[Records from a dataset]
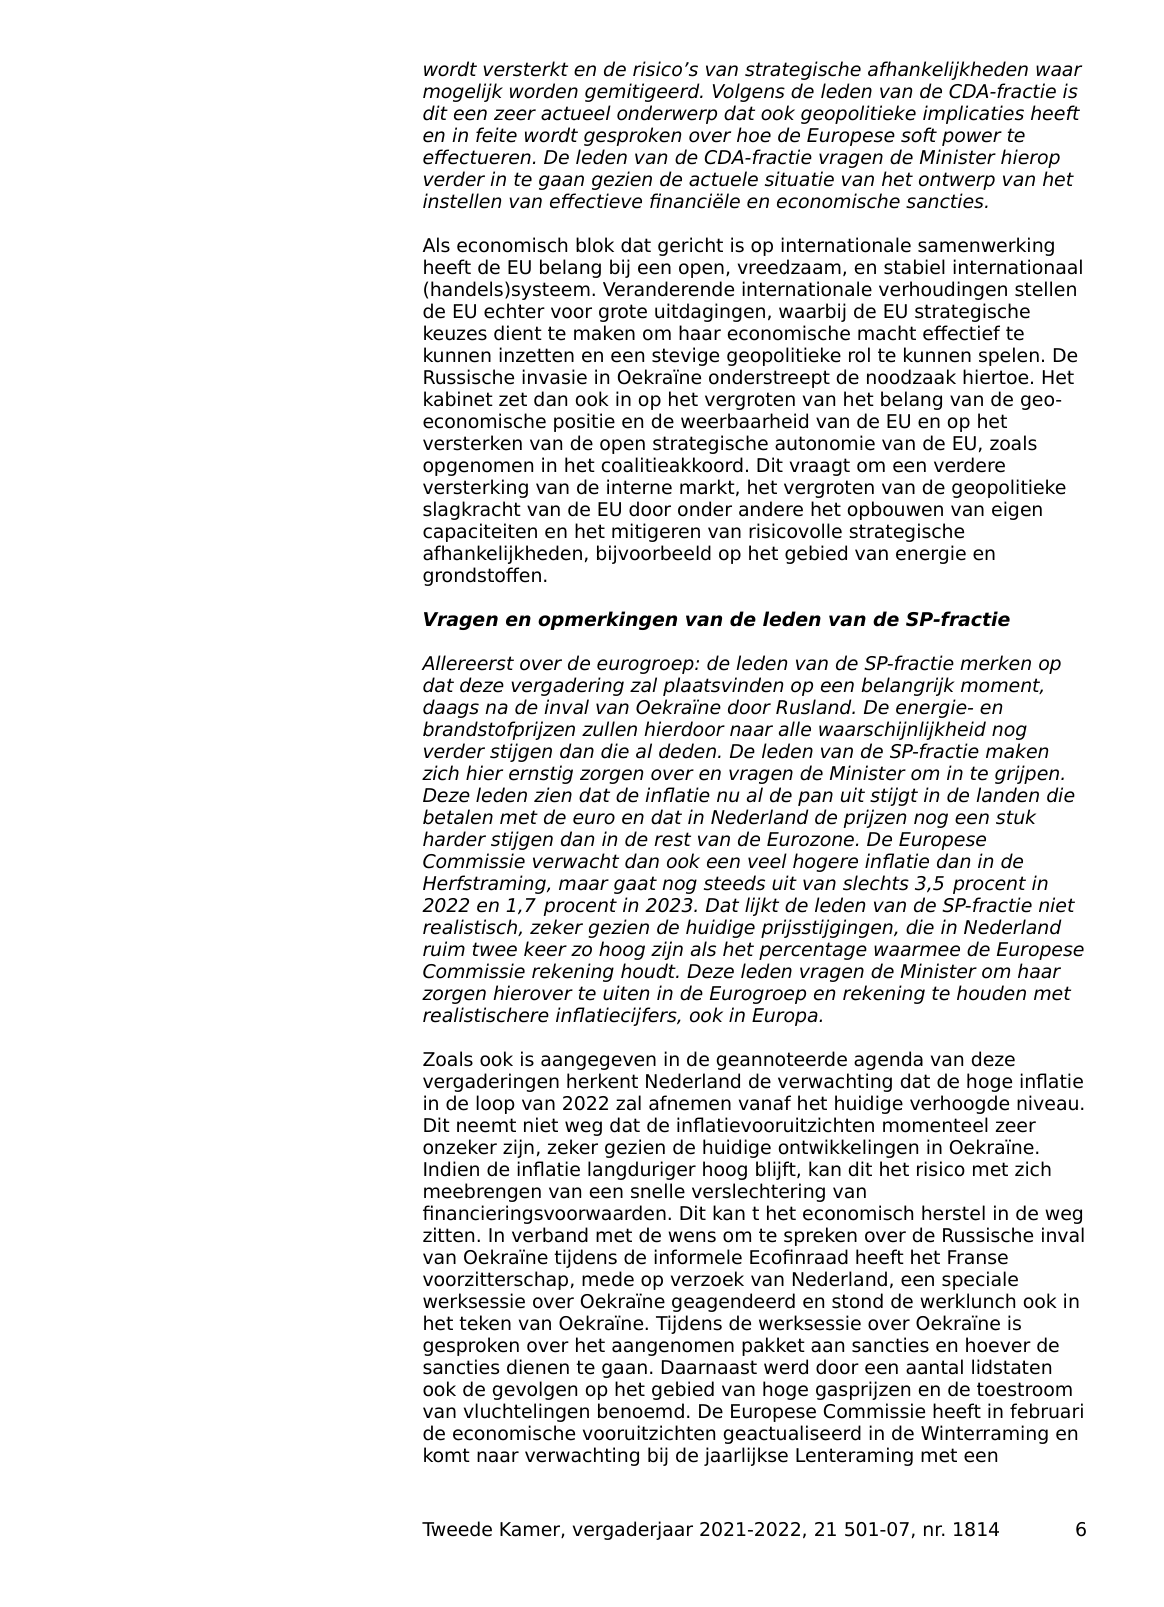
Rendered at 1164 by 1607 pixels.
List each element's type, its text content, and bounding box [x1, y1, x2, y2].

text Zoals ook is aangegeven in de geannoteerde agenda van deze vergaderingen herkent Nederland de verwachting dat de hoge inflatie in de loop van 2022 zal afnemen vanaf het huidige verhoogde niveau. Dit neemt niet weg dat de inflatievooruitzichten momenteel zeer onzeker zijn, zeker gezien de huidige ontwikkelingen in Oekraïne. Indien de inflatie langduriger hoog blijft, kan dit het risico met zich meebrengen van een snelle verslechtering van financieringsvoorwaarden. Dit kan t het economisch herstel in de weg zitten. In verband met de wens om te spreken over de Russische inval van Oekraïne tijdens de informele Ecofinraad heeft het Franse voorzitterschap, mede op verzoek van Nederland, een speciale werksessie over Oekraïne geagendeerd en stond de werklunch ook in het teken van Oekraïne. Tijdens de werksessie over Oekraïne is gesproken over het aangenomen pakket aan sancties en hoever de sancties dienen te gaan. Daarnaast werd door een aantal lidstaten ook de gevolgen op het gebied van hoge gasprijzen en de toestroom van vluchtelingen benoemd. De Europese Commissie heeft in februari de economische vooruitzichten geactualiseerd in de Winterraming en komt naar verwachting bij de jaarlijkse Lenteraming met een [422, 1049, 1087, 1467]
subtitle Vragen en opmerkingen van de leden van de SP-fractie [422, 609, 1087, 631]
text Allereerst over de eurogroep: de leden van de SP-fractie merken op dat deze vergadering zal plaatsvinden op een belangrijk moment, daags na de inval van Oekraïne door Rusland. De energie- en brandstofprijzen zullen hierdoor naar alle waarschijnlijkheid nog verder stijgen dan die al deden. De leden van de SP-fractie maken zich hier ernstig zorgen over en vragen de Minister om in te grijpen. Deze leden zien dat de inflatie nu al de pan uit stijgt in de landen die betalen met de euro en dat in Nederland de prijzen nog een stuk harder stijgen dan in de rest van de Eurozone. De Europese Commissie verwacht dan ook een veel hogere inflatie dan in de Herfstraming, maar gaat nog steeds uit van slechts 3,5 procent in 2022 en 1,7 procent in 2023. Dat lijkt de leden van de SP-fractie niet realistisch, zeker gezien de huidige prijsstijgingen, die in Nederland ruim twee keer zo hoog zijn als het percentage waarmee de Europese Commissie rekening houdt. Deze leden vragen de Minister om haar zorgen hierover te uiten in de Eurogroep en rekening te houden met realistischere inflatiecijfers, ook in Europa. [422, 653, 1087, 1027]
text wordt versterkt en de risico’s van strategische afhankelijkheden waar mogelijk worden gemitigeerd. Volgens de leden van de CDA-fractie is dit een zeer actueel onderwerp dat ook geopolitieke implicaties heeft en in feite wordt gesproken over hoe de Europese soft power te effectueren. De leden van de CDA-fractie vragen de Minister hierop verder in te gaan gezien de actuele situatie van het ontwerp van het instellen van effectieve financiële en economische sancties. [422, 59, 1087, 213]
text Als economisch blok dat gericht is op internationale samenwerking heeft de EU belang bij een open, vreedzaam, en stabiel internationaal (handels)systeem. Veranderende internationale verhoudingen stellen de EU echter voor grote uitdagingen, waarbij de EU strategische keuzes dient te maken om haar economische macht effectief te kunnen inzetten en een stevige geopolitieke rol te kunnen spelen. De Russische invasie in Oekraïne onderstreept de noodzaak hiertoe. Het kabinet zet dan ook in op het vergroten van het belang van de geo-economische positie en de weerbaarheid van de EU en op het versterken van de open strategische autonomie van de EU, zoals opgenomen in het coalitieakkoord. Dit vraagt om een verdere versterking van de interne markt, het vergroten van de geopolitieke slagkracht van de EU door onder andere het opbouwen van eigen capaciteiten en het mitigeren van risicovolle strategische afhankelijkheden, bijvoorbeeld op het gebied van energie en grondstoffen. [422, 235, 1087, 587]
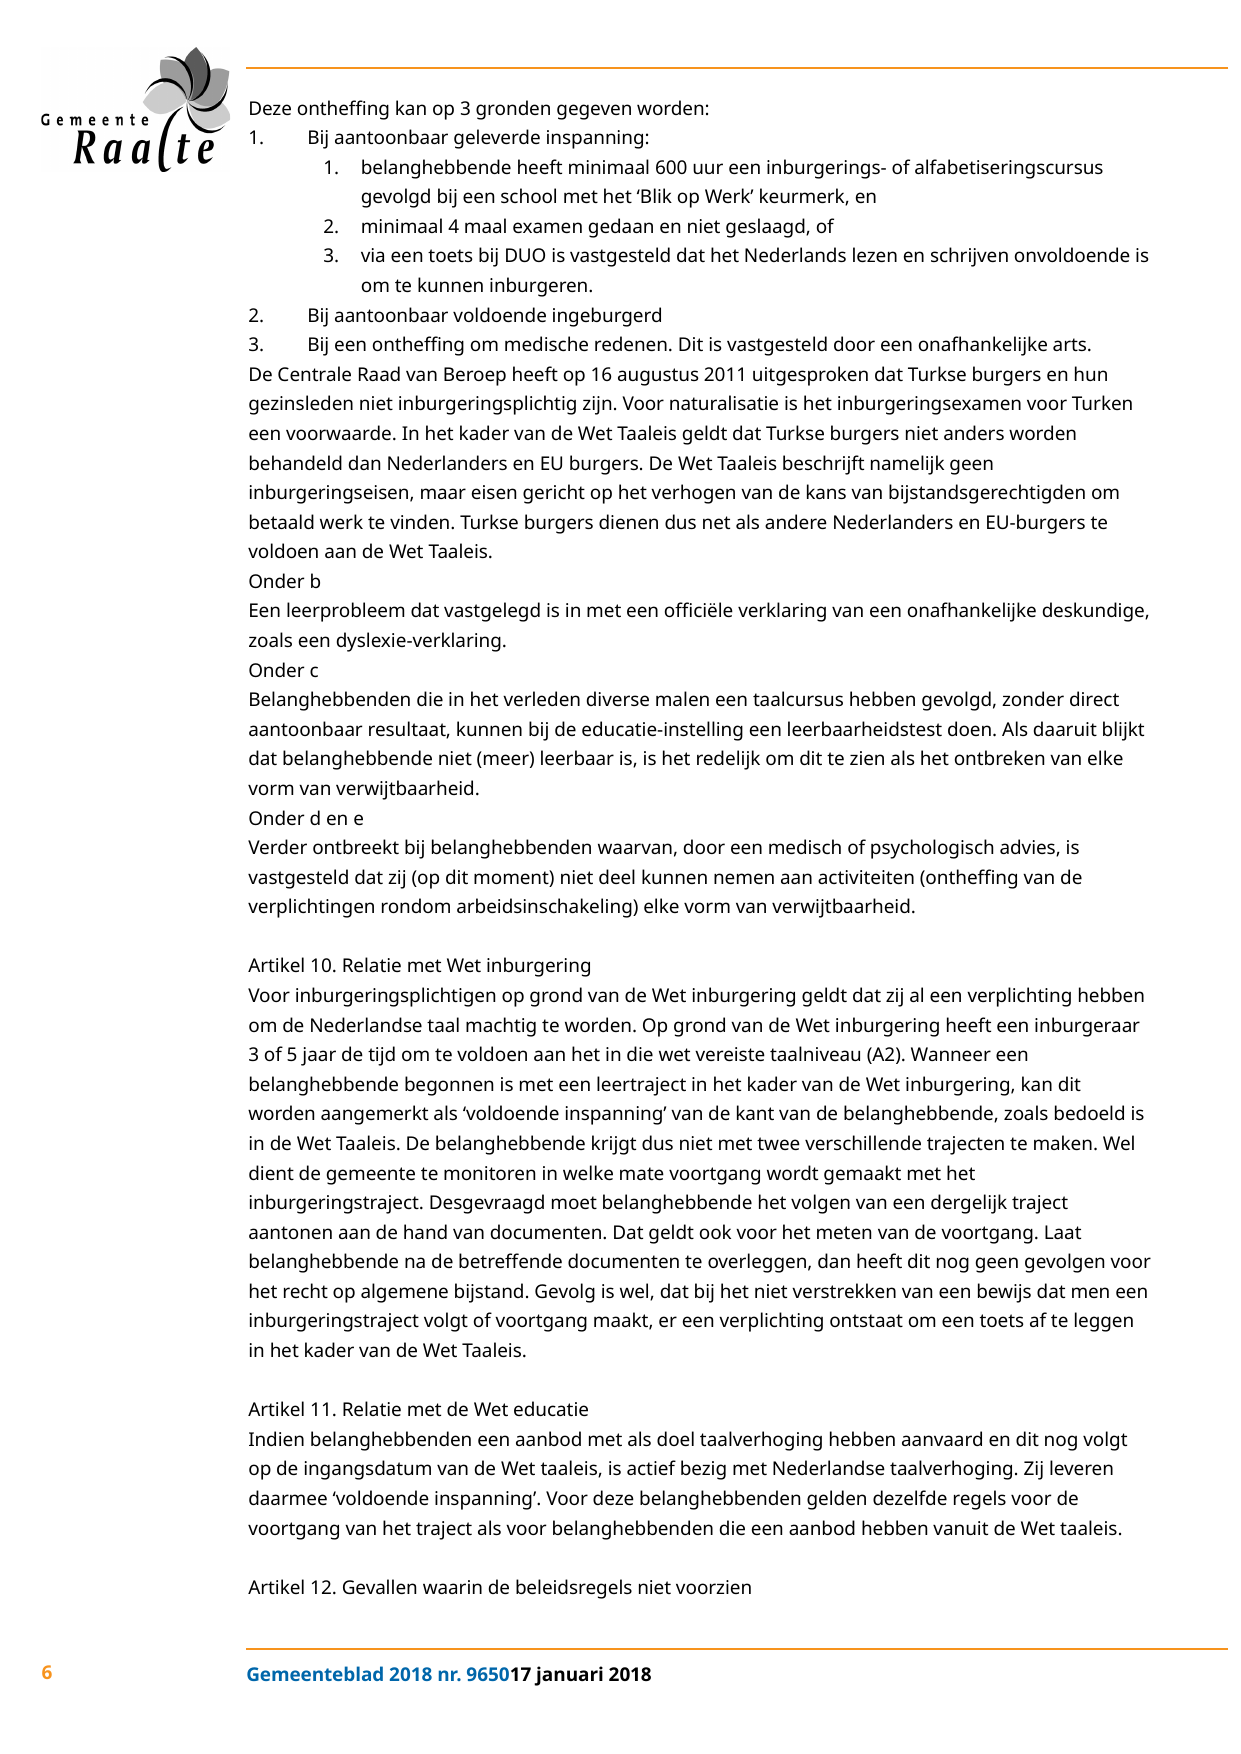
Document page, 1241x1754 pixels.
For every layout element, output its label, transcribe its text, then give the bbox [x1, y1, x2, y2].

text Artikel 11. Relatie met de Wet educatie [248, 1396, 1152, 1422]
text Indien belanghebbenden een aanbod met als doel taalverhoging hebben aanvaard en dit nog volgt op de ingangsdatum van de Wet taaleis, is actief bezig met Nederlandse taalverhoging. Zij leveren daarmee ‘voldoende inspanning’. Voor deze belanghebbenden gelden dezelfde regels voor de voortgang van het traject als voor belanghebbenden die een aanbod hebben vanuit de Wet taaleis. [248, 1426, 1152, 1541]
text Verder ontbreekt bij belanghebbenden waarvan, door een medisch of psychologisch advies, is vastgesteld dat zij (op dit moment) niet deel kunnen nemen aan activiteiten (ontheffing van de verplichtingen rondom arbeidsinschakeling) elke vorm van verwijtbaarheid. [248, 834, 1152, 919]
list Bij aantoonbaar voldoende ingeburgerd [248, 302, 1152, 328]
text Onder c [248, 657, 1152, 683]
text Artikel 12. Gevallen waarin de beleidsregels niet voorzien [248, 1574, 1152, 1600]
text Artikel 10. Relatie met Wet inburgering [248, 953, 1152, 978]
list Bij een ontheffing om medische redenen. Dit is vastgesteld door een onafhankelijke arts. [248, 331, 1152, 357]
text Onder b [248, 568, 1152, 594]
text Deze ontheffing kan op 3 gronden gegeven worden: [248, 95, 1152, 121]
text Onder d en e [248, 805, 1152, 831]
text Voor inburgeringsplichtigen op grond van de Wet inburgering geldt dat zij al een verplichting hebben om de Nederlandse taal machtig te worden. Op grond van de Wet inburgering heeft een inburgeraar 3 of 5 jaar de tijd om te voldoen aan het in die wet vereiste taalniveau (A2). Wanneer een belanghebbende begonnen is met een leertraject in het kader van de Wet inburgering, kan dit worden aangemerkt als ‘voldoende inspanning’ van de kant van de belanghebbende, zoals bedoeld is in de Wet Taaleis. De belanghebbende krijgt dus niet met twee verschillende trajecten te maken. Wel dient de gemeente te monitoren in welke mate voortgang wordt gemaakt met het inburgeringstraject. Desgevraagd moet belanghebbende het volgen van een dergelijk traject aantonen aan de hand van documenten. Dat geldt ook voor het meten van de voortgang. Laat belanghebbende na de betreffende documenten te overleggen, dan heeft dit nog geen gevolgen voor het recht op algemene bijstand. Gevolg is wel, dat bij het niet verstrekken van een bewijs dat men een inburgeringstraject volgt of voortgang maakt, er een verplichting ontstaat om een toets af te leggen in het kader van de Wet Taaleis. [248, 982, 1152, 1363]
list minimaal 4 maal examen gedaan en niet geslaagd, of [323, 213, 1152, 239]
list Bij aantoonbaar geleverde inspanning: [248, 124, 1152, 150]
picture [41, 47, 231, 172]
list belanghebbende heeft minimaal 600 uur een inburgerings- of alfabetiseringscursus gevolgd bij een school met het ‘Blik op Werk’ keurmerk, en [323, 154, 1152, 209]
text Belanghebbenden die in het verleden diverse malen een taalcursus hebben gevolgd, zonder direct aantoonbaar resultaat, kunnen bij de educatie-instelling een leerbaarheidstest doen. Als daaruit blijkt dat belanghebbende niet (meer) leerbaar is, is het redelijk om dit te zien als het ontbreken van elke vorm van verwijtbaarheid. [248, 686, 1152, 801]
list via een toets bij DUO is vastgesteld dat het Nederlands lezen en schrijven onvoldoende is om te kunnen inburgeren. [323, 243, 1152, 298]
text Een leerprobleem dat vastgelegd is in met een officiële verklaring van een onafhankelijke deskundige, zoals een dyslexie-verklaring. [248, 598, 1152, 653]
text De Centrale Raad van Beroep heeft op 16 augustus 2011 uitgesproken dat Turkse burgers en hun gezinsleden niet inburgeringsplichtig zijn. Voor naturalisatie is het inburgeringsexamen voor Turken een voorwaarde. In het kader van de Wet Taaleis geldt dat Turkse burgers niet anders worden behandeld dan Nederlanders en EU burgers. De Wet Taaleis beschrijft namelijk geen inburgeringseisen, maar eisen gericht op het verhogen van de kans van bijstandsgerechtigden om betaald werk te vinden. Turkse burgers dienen dus net als andere Nederlanders en EU-burgers te voldoen aan de Wet Taaleis. [248, 361, 1152, 564]

Exercise requirements: The answer should be a single number: the count of lines in the records that hold the string "fractie".

Output of the exercise: 3